LEO constellations bypass these issues almost entirely and ironically enough may motivate incumbent ISPs to try to compete and stop being so obstructive.


Google didn't fail, they gave up.

They have the money to do it, they didn't want to spend it. They thought everyone would start writing letters to their congressmen on their behalf and force the government into making the other big fiber ISPs play fair.

That's how fucking dumb so the so-called "smartest people in the room" can be.

Google should have budgeted $10 billion a year for 10 years for Google Fiber. And in 20 years' time, Google could have been the largest provider of fiber Internet service in the United States, possibly servicing almost every single address in the country. Instead, they did what they *ALWAYS* fucking do... it didn't "catch on" in a year or two's time and they abandoned it.

I can't wait to see Google utterly fail as a company, given how shit they are at execution of everything but the most obvious, largest, and easiest-to-enter markets.

Elon Musk entered the three hardest markets known to fuckin' mankind... automotive, orbital launch, and ISPs, and he's utterly destroying mother fuckers. If I was an executive involved with Google Fiber, I'd blow my brains out due to utter shame.

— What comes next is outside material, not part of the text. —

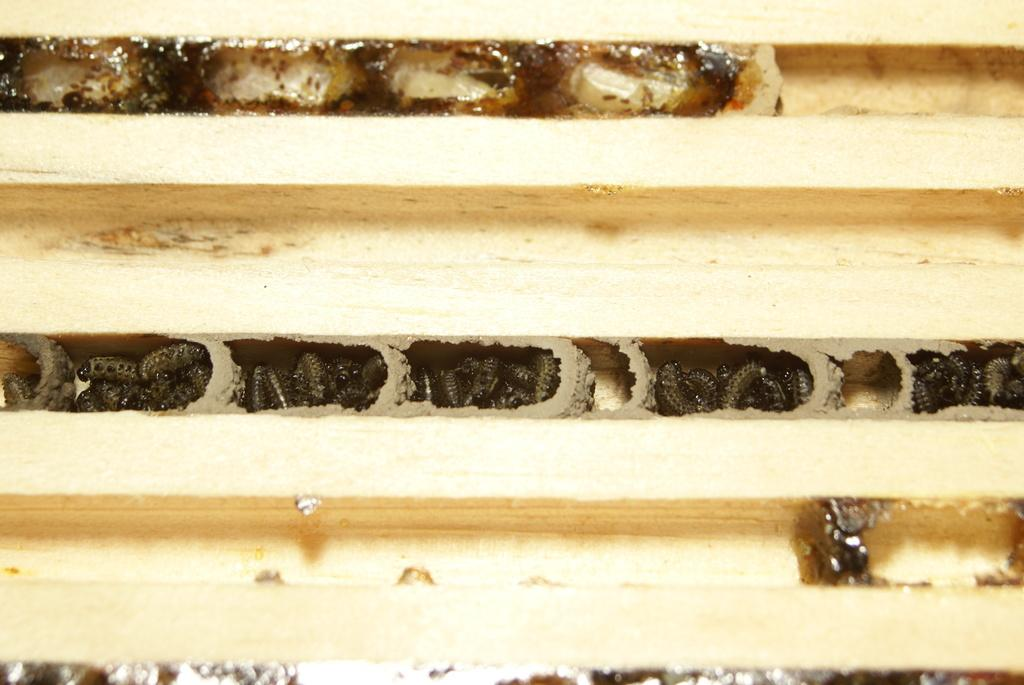What type of creatures can be seen in the image? There are insects in the image. Where are the insects located? The insects are in the small gaps of a wooden object. What is the desire of the minister in the image? There is no minister present in the image, as it only features insects in the small gaps of a wooden object. 
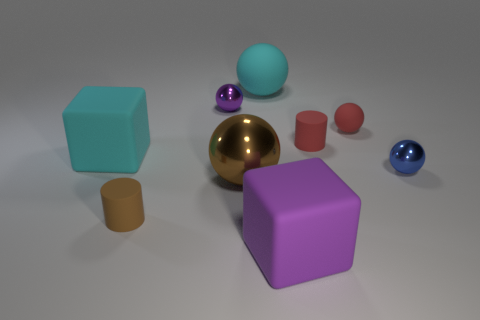Subtract all large spheres. How many spheres are left? 3 Subtract all brown spheres. How many spheres are left? 4 Subtract all red spheres. Subtract all cyan cylinders. How many spheres are left? 4 Subtract all spheres. How many objects are left? 4 Add 5 big cyan rubber blocks. How many big cyan rubber blocks are left? 6 Add 8 tiny red things. How many tiny red things exist? 10 Subtract 0 green cylinders. How many objects are left? 9 Subtract all large brown balls. Subtract all tiny red cylinders. How many objects are left? 7

> Anyone have a good argument why we can't get $10 per month high speed internet in rural areas in the USA?

do you have any idea how much it costs to dig a trench? look up a calculator for figuring out the present value of a perpetuity that pays $10/mo. that will barely cover somebody digging a trench through your front yard, and laying fiber in it, let alone doing that down miles of rural street.


If you're seeing trains of satellites, those have not yet reached their parking orbits and have not oriented themselves or deployed their sunshades. Once they've gotten to where they're intended to be, they'll become far more dim and for the most part should only be visible during a brief period around dusk.


So they haven't solved the reflectivity issue? Solving it would mean they aren't visible at all with the naked eye. Since there are thousands of them, this is a problem for land based observation no?